Saturday, May 30, 2015

The Addiction of a Lifetime



Since forever, we have learned about all the world’s grievances. Poverty, water scarcity, racism, the list goes on and on. However, there is one to pay particular attention to.

Climate Change. 

A lot of you may ask why? Well, Naomi Klein, a Canadian journalist and author of This Changes Everything, gives us a pretty good explanation. 

It starts with her struggle to understand our complex and ever-changing climate. What world are we leaving to our future children? Will they appreciate the beauty of the Great Coral Reef off the Australian coast? Will they see the beautiful animals roaming Africa’s savannah?

Her explanation of the ongoing Keystone XL pipeline debate gives the reader a good understanding of the local fight in the US and Canada. 

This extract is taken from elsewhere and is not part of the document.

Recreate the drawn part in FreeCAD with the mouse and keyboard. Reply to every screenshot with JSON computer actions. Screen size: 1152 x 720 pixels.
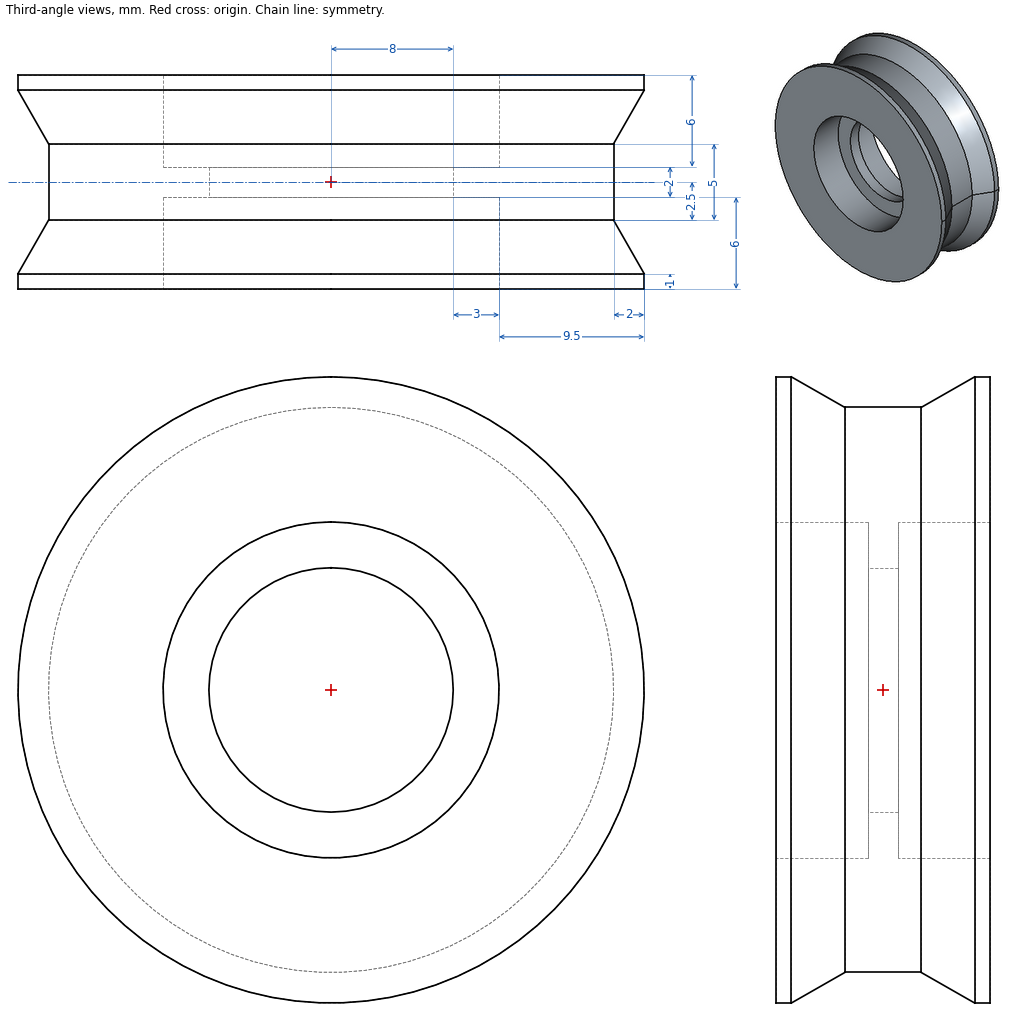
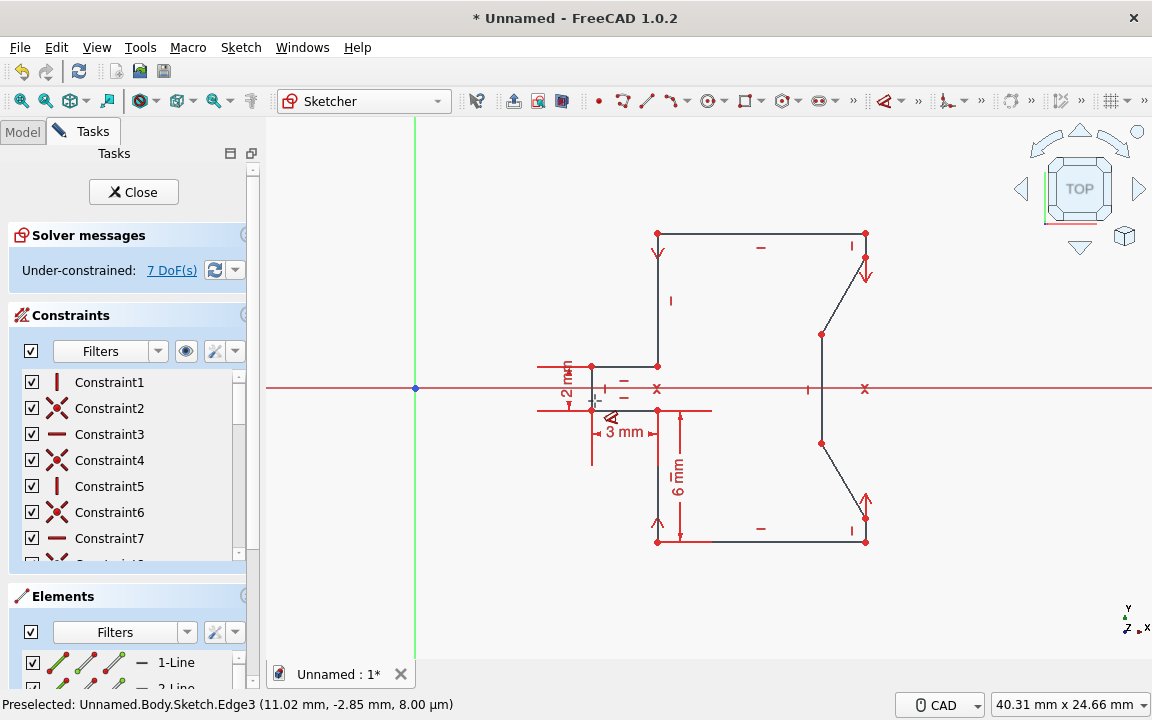
{"action": "scroll", "coordinate": [866, 535], "scroll_direction": "up", "scroll_amount": 4}

To give a little background, the Tar Sands in Alberta, Canada, are much more difficult to extract than conventional crude. They are Bitumen, a type of fossil fuel that is much more carbon intensive. The burning of bitumen, as you can imagine, would lead to more emissions, more sea-level rise, to more storms, and so on. Besides, the method of extraction is extremely damaging to the surrounding environment. Just take a look for yourself below. 

Published by onearth.org
To turn the page a little, Klein also talks about the curious fact of lower emissions by developed countries. It turns out that due to free trade rules, more manufacturing is being done overseas. This means emissions produced in making a product are instead factored in either at that the site of production and not where they end up – usually the developed countries.

Additionally, the transport of these products causes additional emissions, as tankers move across oceans to deliver their merchandise. Do these emissions get factored into a country’s annual rate? Absolutely not. So this means that while developed countries’ emissions may be going down by recent reports, they may actually be the same or rising.

Lastly, Klein exposes the work some big environmental groups in the United States do. Particularly with The Nature Conservancy, she states that a purchase of a prairie reserve in Texas with donation money from ExxonMobil resulted after a few years in drilling permits to extract oil.

This has caused the endangered prairie chicken – which was the supposed to be protected by The Nature Conservancy – to disappear from the site, as a New York Times article recently stated.

Losing our addiction to cheap and dirty energy is turning out to be very difficult. Unless presented with reliable and affordable alternatives, our governments will continue to cave in to corporate interests and elections to maintain coal jobs and the like. Informing ourselves of the local struggles against oil extraction and of our governmental policies on the environment are the right step to ending our ever-damaging addiction.